Limitations of TF-IDF
Context Ignorance: TF-IDF does not capture the semantic meaning of words. Words with similar meanings but different forms will be treated differently.
Static Weights: The weights are static and do not account for the dynamic nature of language and context.
Scalability: For very large corpora, computing TF-IDF can become computationally intensive.
Despite these limitations, TF-IDF remains a foundational technique in text processing and continues to be widely used due to its simplicity and effectiveness.

A Count Vectorizer is a technique used in Natural Language Processing (NLP) to convert a collection of text documents into a matrix of token counts. It is a fundamental tool for text preprocessing and is often used as a first step in transforming raw text into a format suitable for machine learning algorithms.
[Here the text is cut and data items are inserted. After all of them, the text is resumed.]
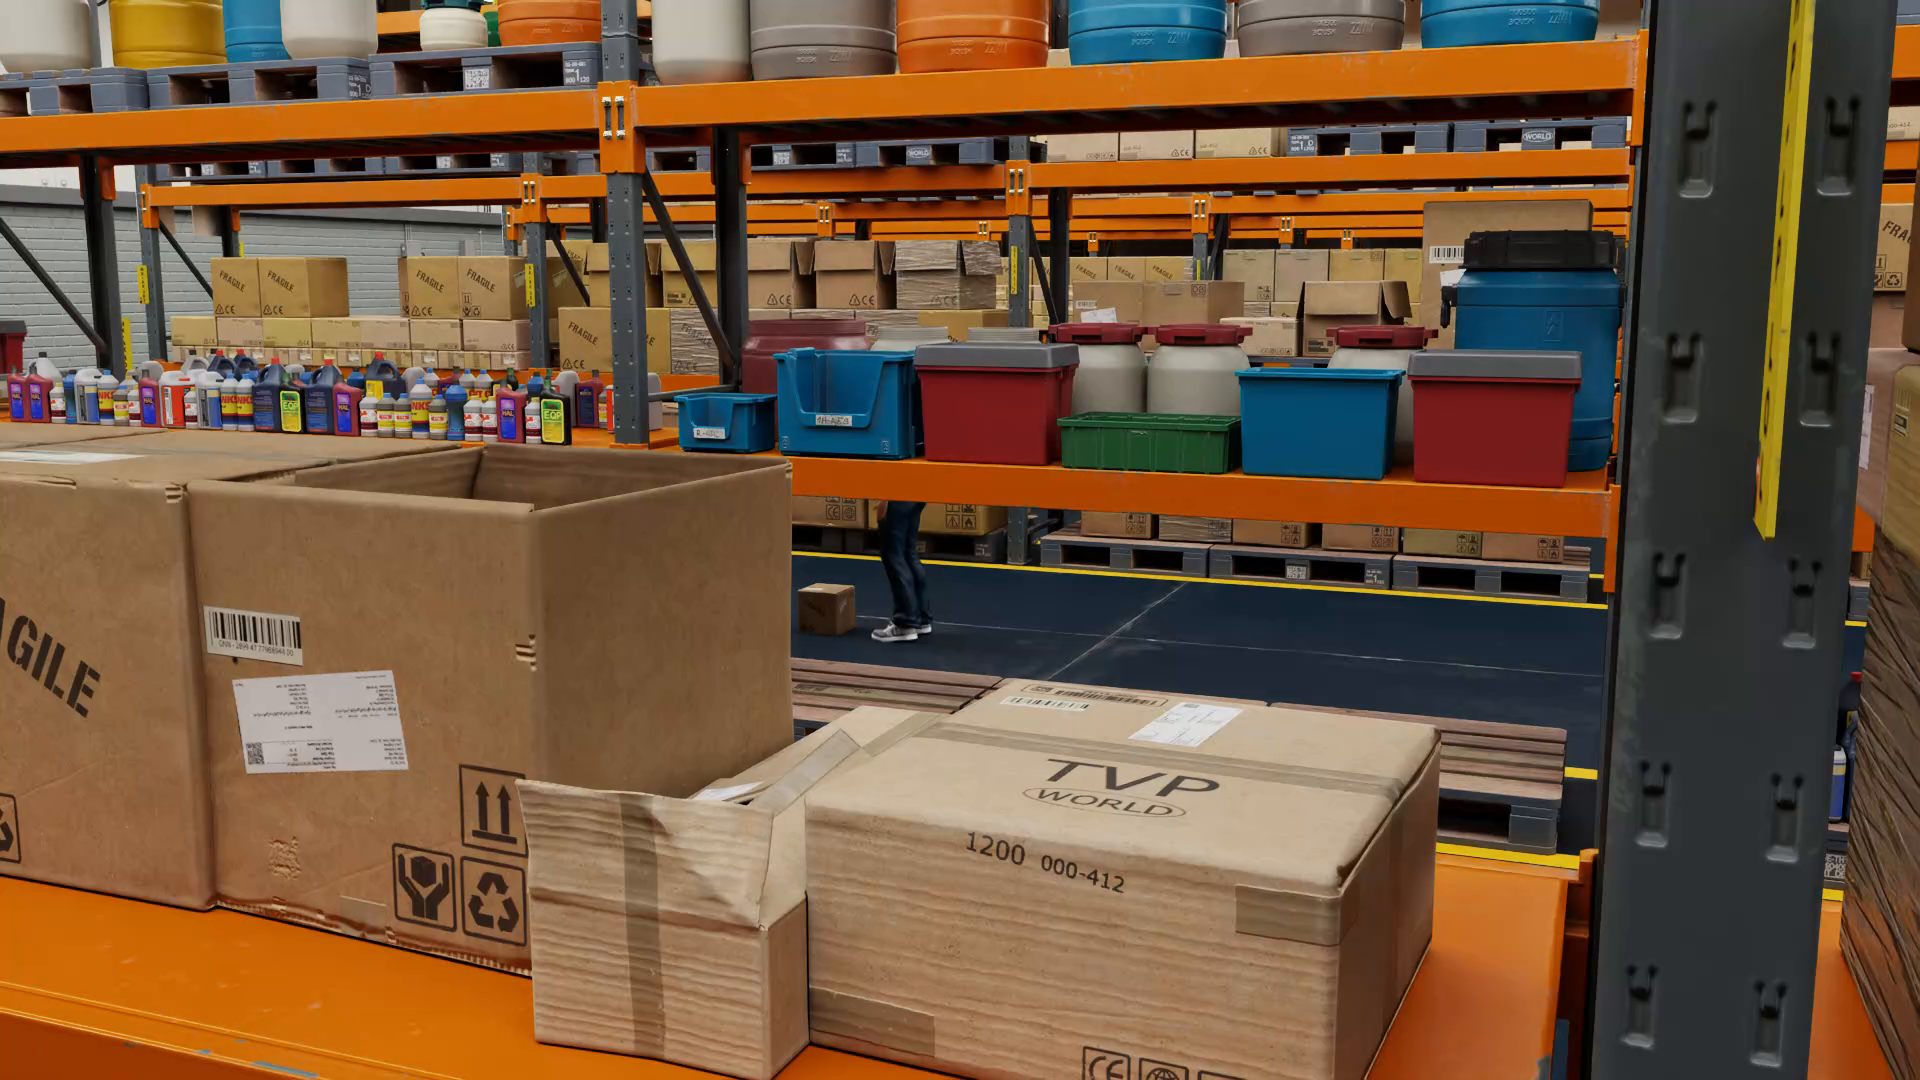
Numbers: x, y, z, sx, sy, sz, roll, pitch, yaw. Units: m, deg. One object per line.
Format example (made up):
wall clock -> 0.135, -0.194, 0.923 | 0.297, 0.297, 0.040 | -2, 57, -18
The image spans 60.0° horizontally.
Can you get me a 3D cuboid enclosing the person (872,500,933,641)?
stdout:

### How Count Vectorizer Works

1. **Tokenization**: The text documents are tokenized, meaning they are split into individual words or tokens.
2. **Vocabulary Building**: A vocabulary (set of unique tokens) is built from all the documents.
3. **Count Matrix**: A matrix is created where each row represents a document and each column represents a token from the vocabulary. The values in the matrix are the counts of the tokens in each document.

### Example

Consider a simple example with three documents:

1. Document 1: "I love programming"
2. Document 2: "Programming is fun"
3. Document 3: "I love fun activities"

#### Tokenization and Vocabulary Building

From these documents, the vocabulary would be:

\[ \text{"I", "love", "programming", "is", "fun", "activities"} \]

#### Count Matrix

The count matrix for these documents would be:

\[
\begin{array}{l|c|c|c|c|c|c}
 & \text{"I"} & \text{"love"} & \text{"programming"} & \text{"is"} & \text{"fun"} & \text{"activities"} \\
\hline
\text{Document 1} & 1 & 1 & 1 & 0 & 0 & 0 \\
\text{Document 2} & 0 & 0 & 1 & 1 & 1 & 0 \\
\text{Document 3} & 1 & 1 & 0 & 0 & 1 & 1 \\
\end{array}
\]

### Applications

- **Text Classification**: Used as input features for machine learning models to classify text into categories (e.g., spam detection, sentiment analysis).
- **Information Retrieval**: Helps in retrieving documents that are relevant to a user's query by counting term occurrences.
- **Text Similarity**: Used to measure the similarity between documents by comparing their count vectors.

### Advantages

- **Simplicity**: Easy to understand and implement.
- **Effectiveness**: Provides a straightforward way to represent text data numerically.

### Limitations

- **Context Ignorance**: Does not capture the meaning or context of the words. Words with similar meanings but different forms will be treated differently.
- **High Dimensionality**: The resulting count matrix can be very large, especially with a large vocabulary, leading to sparsity issues.
- **Frequency Bias**: Frequent words (e.g., "the", "is") may dominate the count matrix, potentially overshadowing more informative terms.

### Python Implementation using Scikit-Learn

Here's a simple implementation using the `CountVectorizer` from the `scikit-learn` library:

```python
from sklearn.feature_extraction.text import CountVectorizer

# Sample documents
documents = [
    "I love programming",
    "Programming is fun",
    "I love fun activities"
]

# Initialize CountVectorizer
vectorizer = CountVectorizer()

# Fit and transform the documents
X = vectorizer.fit_transform(documents)

# Convert the result to an array
count_matrix = X.toarray()

# Get the feature names (vocabulary)
feature_names = vectorizer.get_feature_names_out()

print("Vocabulary:", feature_names)
print("Count Matrix:\n", count_matrix)
```

### Output

```
Vocabulary: ['activities' 'fun' 'is' 'love' 'programming']
Count Matrix:
 [[0 0 0 1 1 1]
  [0 1 1 0 1 0]
  [1 1 0 1 0 1]]
```

This example demonstrates how Count Vectorizer converts text documents into a matrix of token counts, which can then be used for various NLP and machine learning tasks.